Your objective:
In the entries below, find the line with "Target: the person (932,516,1006,625)" and the line with "1. forklift <box>892,0,1238,554</box>"; give again those lines and every line between them, exactly.

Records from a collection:
= Beginning of Section =

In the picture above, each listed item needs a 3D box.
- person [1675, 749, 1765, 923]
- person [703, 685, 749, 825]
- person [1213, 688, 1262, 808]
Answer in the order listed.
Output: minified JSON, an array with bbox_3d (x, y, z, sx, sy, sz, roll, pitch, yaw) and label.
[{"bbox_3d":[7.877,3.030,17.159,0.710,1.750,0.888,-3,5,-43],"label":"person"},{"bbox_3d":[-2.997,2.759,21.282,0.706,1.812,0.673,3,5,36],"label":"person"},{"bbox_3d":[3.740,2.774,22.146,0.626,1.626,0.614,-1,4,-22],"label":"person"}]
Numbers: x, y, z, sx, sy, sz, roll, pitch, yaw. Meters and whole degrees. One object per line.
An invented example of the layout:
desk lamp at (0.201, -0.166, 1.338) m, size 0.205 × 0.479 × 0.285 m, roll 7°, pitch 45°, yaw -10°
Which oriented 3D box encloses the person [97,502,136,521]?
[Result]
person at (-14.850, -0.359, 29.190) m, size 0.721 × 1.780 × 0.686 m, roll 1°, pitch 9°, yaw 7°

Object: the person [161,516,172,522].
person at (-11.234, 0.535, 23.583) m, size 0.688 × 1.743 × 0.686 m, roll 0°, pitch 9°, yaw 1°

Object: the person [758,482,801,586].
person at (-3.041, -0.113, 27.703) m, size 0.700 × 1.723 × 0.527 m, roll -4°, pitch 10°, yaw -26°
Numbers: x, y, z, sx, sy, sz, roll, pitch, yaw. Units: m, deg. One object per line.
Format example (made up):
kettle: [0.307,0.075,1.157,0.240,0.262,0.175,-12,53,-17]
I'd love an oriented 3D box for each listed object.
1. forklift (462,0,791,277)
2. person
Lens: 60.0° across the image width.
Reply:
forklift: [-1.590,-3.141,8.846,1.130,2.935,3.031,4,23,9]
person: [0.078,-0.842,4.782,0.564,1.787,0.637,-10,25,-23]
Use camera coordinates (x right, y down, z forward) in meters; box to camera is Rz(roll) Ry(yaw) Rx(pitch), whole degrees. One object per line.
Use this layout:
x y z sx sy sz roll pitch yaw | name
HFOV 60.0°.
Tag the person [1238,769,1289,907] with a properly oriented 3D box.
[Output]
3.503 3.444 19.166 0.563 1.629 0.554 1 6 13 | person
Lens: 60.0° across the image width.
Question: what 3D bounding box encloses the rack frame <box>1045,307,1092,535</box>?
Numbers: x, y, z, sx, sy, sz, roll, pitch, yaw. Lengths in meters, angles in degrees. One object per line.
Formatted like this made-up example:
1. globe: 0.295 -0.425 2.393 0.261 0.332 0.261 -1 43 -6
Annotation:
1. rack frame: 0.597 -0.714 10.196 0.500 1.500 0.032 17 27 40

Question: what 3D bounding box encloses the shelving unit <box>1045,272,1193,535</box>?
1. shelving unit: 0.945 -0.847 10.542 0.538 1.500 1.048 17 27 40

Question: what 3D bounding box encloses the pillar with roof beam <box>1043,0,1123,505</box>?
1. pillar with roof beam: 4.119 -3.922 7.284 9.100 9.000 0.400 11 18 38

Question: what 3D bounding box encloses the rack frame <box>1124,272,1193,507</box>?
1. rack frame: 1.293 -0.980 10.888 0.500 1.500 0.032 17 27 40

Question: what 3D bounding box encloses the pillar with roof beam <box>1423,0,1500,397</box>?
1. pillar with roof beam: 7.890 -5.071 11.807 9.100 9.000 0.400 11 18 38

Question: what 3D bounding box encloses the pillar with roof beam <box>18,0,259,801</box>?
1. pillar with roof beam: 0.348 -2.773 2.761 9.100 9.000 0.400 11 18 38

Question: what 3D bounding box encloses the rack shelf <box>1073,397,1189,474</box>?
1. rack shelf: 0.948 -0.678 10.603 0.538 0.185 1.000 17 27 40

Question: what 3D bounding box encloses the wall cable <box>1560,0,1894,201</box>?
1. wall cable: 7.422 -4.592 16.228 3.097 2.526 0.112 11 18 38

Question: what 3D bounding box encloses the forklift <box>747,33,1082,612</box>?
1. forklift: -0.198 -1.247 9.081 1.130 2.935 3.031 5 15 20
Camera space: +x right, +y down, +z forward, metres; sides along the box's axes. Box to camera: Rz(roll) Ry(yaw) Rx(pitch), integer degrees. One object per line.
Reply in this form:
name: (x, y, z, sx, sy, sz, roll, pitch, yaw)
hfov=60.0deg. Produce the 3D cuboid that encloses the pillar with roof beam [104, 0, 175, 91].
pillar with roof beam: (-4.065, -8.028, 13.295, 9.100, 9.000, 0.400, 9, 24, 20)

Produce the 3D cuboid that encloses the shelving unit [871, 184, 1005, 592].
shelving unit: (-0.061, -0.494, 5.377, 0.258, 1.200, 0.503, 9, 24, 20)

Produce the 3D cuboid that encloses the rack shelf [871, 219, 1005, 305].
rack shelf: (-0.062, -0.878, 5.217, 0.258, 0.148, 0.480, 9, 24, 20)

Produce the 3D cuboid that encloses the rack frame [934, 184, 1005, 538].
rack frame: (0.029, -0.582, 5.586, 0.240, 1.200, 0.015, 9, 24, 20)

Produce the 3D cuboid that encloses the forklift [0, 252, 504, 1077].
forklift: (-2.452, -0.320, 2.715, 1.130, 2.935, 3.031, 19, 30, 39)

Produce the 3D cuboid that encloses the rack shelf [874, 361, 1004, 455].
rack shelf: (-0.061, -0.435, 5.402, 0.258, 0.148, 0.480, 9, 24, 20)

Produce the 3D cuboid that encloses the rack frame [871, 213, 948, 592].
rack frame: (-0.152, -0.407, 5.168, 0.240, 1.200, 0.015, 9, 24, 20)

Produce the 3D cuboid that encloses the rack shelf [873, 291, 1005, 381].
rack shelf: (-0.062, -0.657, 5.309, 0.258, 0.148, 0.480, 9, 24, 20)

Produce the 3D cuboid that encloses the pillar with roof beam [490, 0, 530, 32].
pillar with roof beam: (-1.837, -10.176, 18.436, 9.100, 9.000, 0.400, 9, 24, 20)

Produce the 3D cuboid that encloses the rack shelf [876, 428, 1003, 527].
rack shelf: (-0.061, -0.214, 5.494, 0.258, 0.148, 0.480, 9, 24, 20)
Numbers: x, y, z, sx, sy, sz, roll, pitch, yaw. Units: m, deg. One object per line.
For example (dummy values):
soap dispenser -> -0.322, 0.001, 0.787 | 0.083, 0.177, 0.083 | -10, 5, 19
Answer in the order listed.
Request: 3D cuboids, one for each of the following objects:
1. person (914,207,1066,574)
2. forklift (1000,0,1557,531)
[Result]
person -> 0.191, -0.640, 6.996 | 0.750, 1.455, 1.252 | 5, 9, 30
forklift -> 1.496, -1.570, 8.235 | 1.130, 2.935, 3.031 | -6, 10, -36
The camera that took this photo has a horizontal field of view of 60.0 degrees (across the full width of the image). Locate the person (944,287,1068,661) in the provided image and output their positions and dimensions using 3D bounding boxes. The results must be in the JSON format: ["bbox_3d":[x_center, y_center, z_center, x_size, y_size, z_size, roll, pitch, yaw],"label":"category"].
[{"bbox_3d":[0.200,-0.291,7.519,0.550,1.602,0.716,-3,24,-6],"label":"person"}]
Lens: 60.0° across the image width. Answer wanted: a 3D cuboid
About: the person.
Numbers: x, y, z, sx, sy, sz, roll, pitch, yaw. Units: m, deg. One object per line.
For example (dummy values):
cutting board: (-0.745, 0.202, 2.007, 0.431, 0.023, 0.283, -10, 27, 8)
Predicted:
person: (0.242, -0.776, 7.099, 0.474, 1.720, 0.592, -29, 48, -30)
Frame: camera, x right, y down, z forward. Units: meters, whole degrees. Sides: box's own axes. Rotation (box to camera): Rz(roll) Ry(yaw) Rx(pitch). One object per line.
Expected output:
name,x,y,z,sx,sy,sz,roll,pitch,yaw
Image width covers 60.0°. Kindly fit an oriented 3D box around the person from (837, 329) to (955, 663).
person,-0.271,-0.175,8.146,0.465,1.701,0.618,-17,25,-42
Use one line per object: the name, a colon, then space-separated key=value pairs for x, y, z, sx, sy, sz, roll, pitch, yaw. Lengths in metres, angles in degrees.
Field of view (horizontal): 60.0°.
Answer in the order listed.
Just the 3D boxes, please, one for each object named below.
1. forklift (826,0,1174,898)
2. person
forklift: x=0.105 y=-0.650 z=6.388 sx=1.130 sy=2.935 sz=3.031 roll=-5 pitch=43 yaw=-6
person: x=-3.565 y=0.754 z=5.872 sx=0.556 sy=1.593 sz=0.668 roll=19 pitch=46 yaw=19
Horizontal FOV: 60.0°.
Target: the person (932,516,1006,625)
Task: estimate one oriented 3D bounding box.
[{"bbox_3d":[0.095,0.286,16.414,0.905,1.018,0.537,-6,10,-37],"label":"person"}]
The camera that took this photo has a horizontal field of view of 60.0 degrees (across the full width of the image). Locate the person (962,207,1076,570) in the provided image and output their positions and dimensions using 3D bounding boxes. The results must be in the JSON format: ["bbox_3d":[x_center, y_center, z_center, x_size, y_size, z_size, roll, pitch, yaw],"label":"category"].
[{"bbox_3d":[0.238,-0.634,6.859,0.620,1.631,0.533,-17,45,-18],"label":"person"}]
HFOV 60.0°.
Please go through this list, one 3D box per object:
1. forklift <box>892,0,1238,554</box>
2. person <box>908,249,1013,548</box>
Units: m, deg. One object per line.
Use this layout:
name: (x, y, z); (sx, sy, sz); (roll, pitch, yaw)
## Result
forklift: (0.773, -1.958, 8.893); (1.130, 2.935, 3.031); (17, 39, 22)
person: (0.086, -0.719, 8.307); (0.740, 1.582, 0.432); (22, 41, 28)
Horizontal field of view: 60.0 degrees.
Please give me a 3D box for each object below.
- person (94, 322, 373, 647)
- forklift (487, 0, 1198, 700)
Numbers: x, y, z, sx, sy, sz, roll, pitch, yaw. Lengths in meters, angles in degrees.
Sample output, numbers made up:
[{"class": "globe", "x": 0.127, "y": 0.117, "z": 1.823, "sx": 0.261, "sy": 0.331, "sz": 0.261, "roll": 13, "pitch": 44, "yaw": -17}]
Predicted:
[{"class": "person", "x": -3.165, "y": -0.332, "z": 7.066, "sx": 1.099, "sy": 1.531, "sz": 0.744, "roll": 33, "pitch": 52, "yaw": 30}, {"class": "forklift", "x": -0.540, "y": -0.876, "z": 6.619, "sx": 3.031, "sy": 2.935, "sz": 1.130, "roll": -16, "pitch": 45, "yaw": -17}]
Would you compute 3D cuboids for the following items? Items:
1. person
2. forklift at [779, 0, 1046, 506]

= End of Section =

Written answer:
Target: the person (932,516,1006,625)
Task: estimate one oriented 3D bounding box.
[{"bbox_3d":[0.095,0.286,16.414,0.905,1.018,0.537,-6,10,-37],"label":"person"}]
The camera that took this photo has a horizontal field of view of 60.0 degrees (across the full width of the image). Locate the person (962,207,1076,570) in the provided image and output their positions and dimensions using 3D bounding boxes. The results must be in the JSON format: ["bbox_3d":[x_center, y_center, z_center, x_size, y_size, z_size, roll, pitch, yaw],"label":"category"].
[{"bbox_3d":[0.238,-0.634,6.859,0.620,1.631,0.533,-17,45,-18],"label":"person"}]
HFOV 60.0°.
Please go through this list, one 3D box per object:
1. forklift <box>892,0,1238,554</box>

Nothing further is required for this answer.